2.2 Build Dockerfile

Install required tools both to unpack archives and perform command on AWS:

sudo yum install -y unzip awscli

Download the Git archive within the EC2 instance, and unpack on a temporary directory:

curl -s -L -o - https://github.com/aws-samples/aws-batch-using-nice-dcv/archive/latest.tar.gz | tar zxvf -

From inside the folder containing aws-batch-using-nice-dcv.dockerfile, let’s build the Docker image:

docker build -t dcv -f aws-batch-using-nice-dcv.dockerfile .

The first time it takes a while since it has to download and install all the required packages and related dependencies. After the command completes, check it has been built and tagged correctly with the command:

docker images

Step 3. Amazon ECR configuration

In this step, you’ll push/archive our newly built DCV container AMI into Amazon ECR. Having this image in Amazon ECR allows you to use it inside Amazon ECS and AWS Batch.

3.1 Push DCV image into Amazon ECR repository

Set a desired name for your new repository, e.g. dcv, and push your latest dcv image into it. The push procedure is described in Amazon ECR by selecting your repository, and clicking on the top-right button View push commands.

Install the required tool to manage content in JSON format:

sudo yum install -y jq

Amazon ECR push commands to run include:

AWS_REGION="$(curl -s http://169.254.169.254/latest/dynamic/instance-identity/document | jq -r .region)"
eval $(aws ecr get-login --no-include-email --region "${AWS_REGION}") Note: If you receive an “Unknown options: –no-include-email” error when using the AWS CLI, ensure that you have the latest version installed. Learn more.

Create the repository:

aws ecr create-repository --repository-name=dcv —region "${AWS_REGION}"DCV_REPOSITORY=$(aws ecr describe-repositories --repository-names=dcv --region "${AWS_REGION}"| jq -r '.repositories[0].repositoryUri')

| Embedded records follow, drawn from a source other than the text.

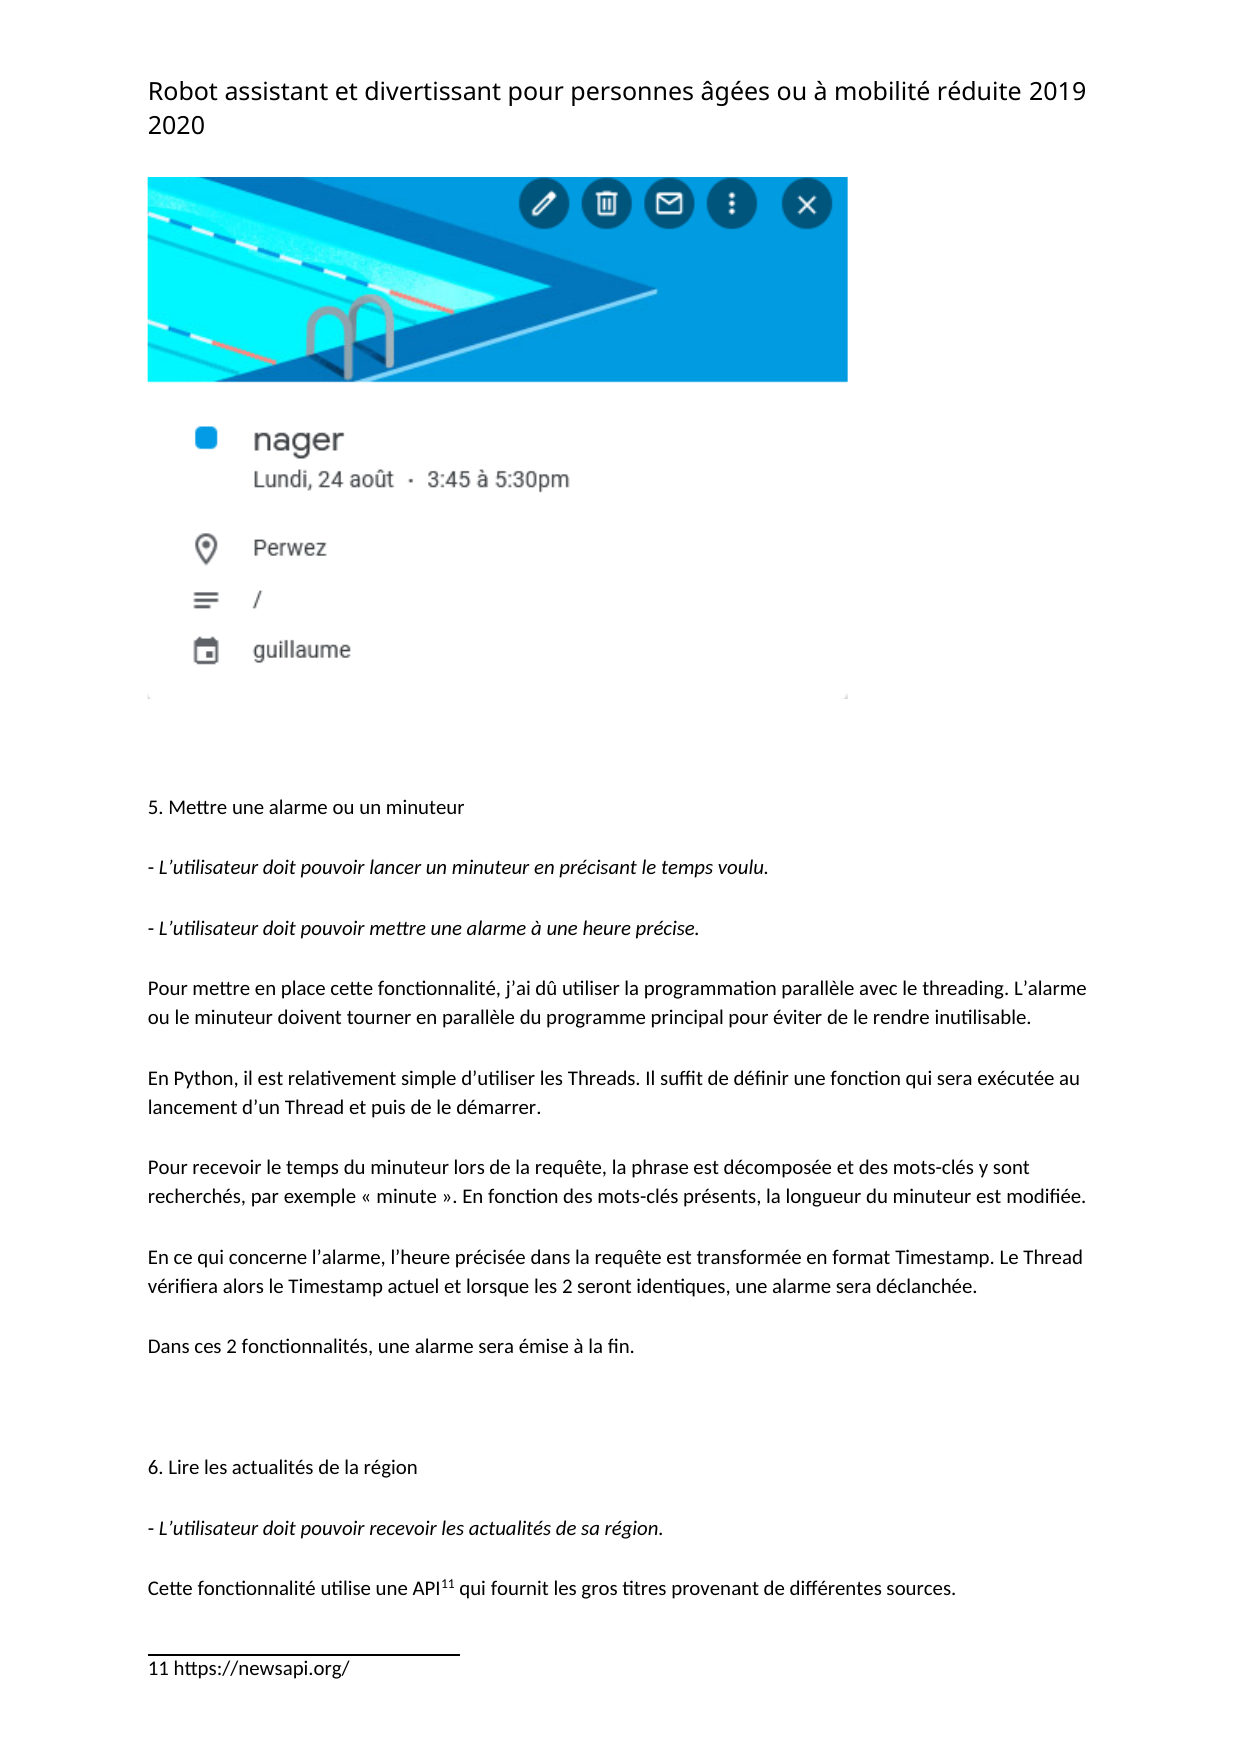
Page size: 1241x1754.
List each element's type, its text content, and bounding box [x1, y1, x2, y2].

text - L’utilisateur doit pouvoir lancer un minuteur en précisant le temps voulu. [148, 854, 1093, 880]
text Pour recevoir le temps du minuteur lors de la requête, la phrase est décomposée et des mots-clés y sont recherchés, par exemple « minute ». En fonction des mots-clés présents, la longueur du minuteur est modifiée. [148, 1154, 1093, 1209]
text - L’utilisateur doit pouvoir recevoir les actualités de sa région. [148, 1515, 1093, 1540]
text En ce qui concerne l’alarme, l’heure précisée dans la requête est transformée en format Timestamp. Le Thread vérifiera alors le Timestamp actuel et lorsque les 2 seront identiques, une alarme sera déclanchée. [148, 1244, 1093, 1299]
text Pour mettre en place cette fonctionnalité, j’ai dû utiliser la programmation parallèle avec le threading. L’alarme ou le minuteur doivent tourner en parallèle du programme principal pour éviter de le rendre inutilisable. [148, 975, 1093, 1030]
text Dans ces 2 fonctionnalités, une alarme sera émise à la fin. [148, 1334, 1093, 1359]
text - L’utilisateur doit pouvoir mettre une alarme à une heure précise. [148, 915, 1093, 940]
text 5. Mettre une alarme ou un minuteur [148, 794, 1093, 819]
text https://newsapi.org/ [148, 1655, 1093, 1680]
text Cette fonctionnalité utilise une API qui fournit les gros titres provenant de différentes sources. [148, 1575, 1093, 1601]
text 6. Lire les actualités de la région [148, 1454, 1093, 1480]
text En Python, il est relativement simple d’utiliser les Threads. Il suffit de définir une fonction qui sera exécutée au lancement d’un Thread et puis de le démarrer. [148, 1065, 1093, 1119]
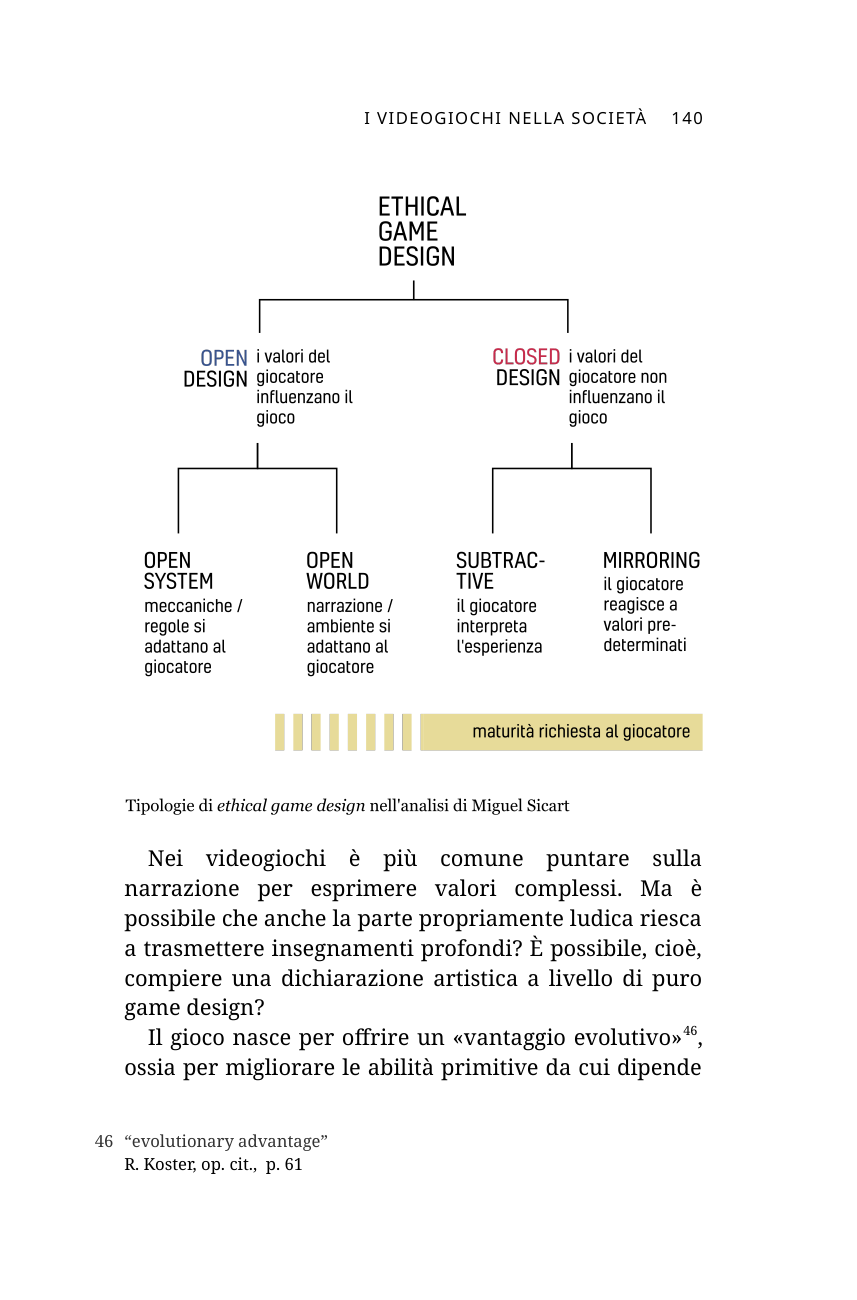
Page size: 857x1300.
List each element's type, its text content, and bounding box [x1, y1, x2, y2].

text Nei videogiochi è più comune puntare sulla narrazione per esprimere valori complessi. Ma è possibile che anche la parte propriamente ludica riesca a trasmettere insegnamenti profondi? È possibile, cioè, compiere una dichiarazione artistica a livello di puro game design? [124, 844, 703, 1022]
picture [124, 158, 703, 844]
text R. Koster, op. cit., p. 61 [94, 1152, 703, 1175]
text “evolutionary advantage” [94, 1130, 703, 1152]
text Il gioco nasce per offrire un «vantaggio evolutivo», ossia per migliorare le abilità primitive da cui dipende [124, 1022, 703, 1082]

Tag the image to push the image to the Amazon ECR repository:

docker build -t "${DCV_REPOSITORY}:$(date +%F)" -f aws-batch-using-nice-dcv.dockerfile .

Push command:

docker push "${DCV_REPOSITORY}:$(date +%F)"

Step 4. AWS Batch configuration

The final step is to set up AWS Batch to manage your DCV containers. The link to all previous steps is the use of our DCV container image inside the AWS Batch CE.

4.1 Compute environment

Create an AWS Batch CE using othe newly created AMI.

Log into the AWS Management Console, select AWS Batch, select ‘get started’, and skip the wizard on next page.
Choose Compute Environments on the left, and click on Create Environment.
Specify all your desired settings, e.g.:
- - Managed type
  - Name: DCV-GPU-CE
  - Service role: AWSBatchServiceRole
  - Instance role: dcv-ecs-batch-role
Since you want OpenGL acceleration, choose an instance type with GPU (e.g. g4dn.xlarge).
Choose an allocation strategy. In this example I choose BEST_FIT_PROGRESSIVE
Assign the security group dcv-sg, created previously at step 1.4 that keeps DCV port 8443 open.
Add a Nametag with the value e.g. “DCV-GPU-Batch-Instance”; to assign it to the EC2 instances started by AWS Batch automatically, so you can recognize it if needed.

4.2 Job Queue

Time to create a Job Queue for DCV with your preferred settings.

Select Job Queues from the left menu, then select Create queue (naming, for instance, e.g. DCV-GPU-Queue)
Specify a required Priority integer value.
Associate to this queue the CE you defined in the previous step (e.g. DCV-GPU-CE).

4.3 Job Definition

Now, we create a Job Definition by selecting the related item in the left menu, and select Create.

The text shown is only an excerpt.